All of the data should be copied exactly, with the pictures left out.

[EXTRACTED MATERIAL — start]

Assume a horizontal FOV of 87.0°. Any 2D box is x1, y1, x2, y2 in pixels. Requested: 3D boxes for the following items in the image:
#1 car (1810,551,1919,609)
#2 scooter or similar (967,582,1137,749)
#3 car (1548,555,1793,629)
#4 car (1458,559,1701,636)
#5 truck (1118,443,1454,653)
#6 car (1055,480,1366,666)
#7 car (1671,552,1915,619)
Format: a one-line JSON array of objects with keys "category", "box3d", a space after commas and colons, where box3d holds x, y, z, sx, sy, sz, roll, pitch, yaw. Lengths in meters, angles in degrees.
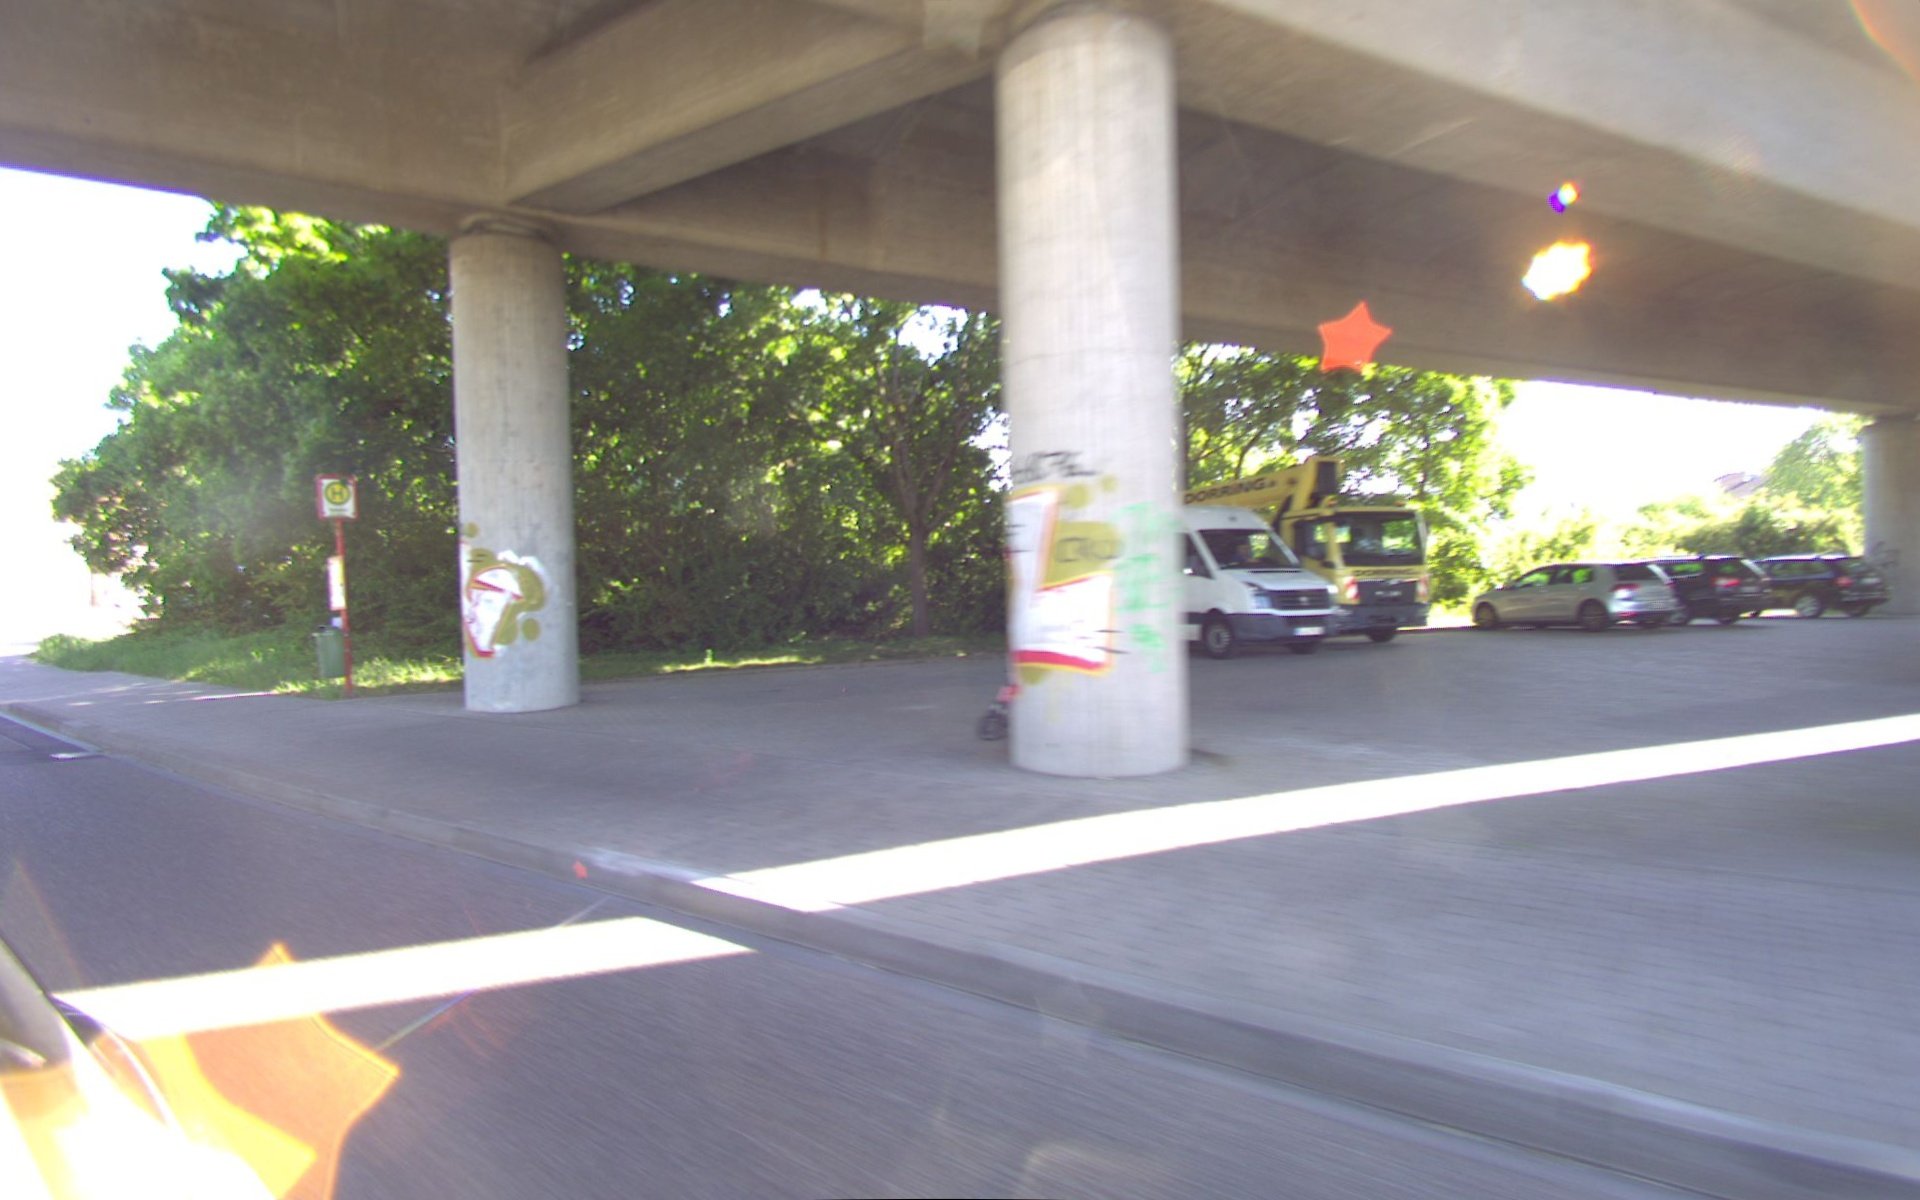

[EXTRACTED MATERIAL — finish]

- OUTPUT FOR THIS TASK -
Assume a horizontal FOV of 87.0°. Any 2D box is x1, y1, x2, y2 in pixels. Requested: 3D boxes for the following items in the image:
#1 car (1810,551,1919,609)
#2 scooter or similar (967,582,1137,749)
#3 car (1548,555,1793,629)
#4 car (1458,559,1701,636)
#5 truck (1118,443,1454,653)
#6 car (1055,480,1366,666)
#7 car (1671,552,1915,619)
Format: a one-line JSON array of objects with keys "category", "box3d", a space after commas and colons, where box3d holds x, y, z, sx, sy, sz, roll, pitch, yaw. Lengths in meters, angles in degrees.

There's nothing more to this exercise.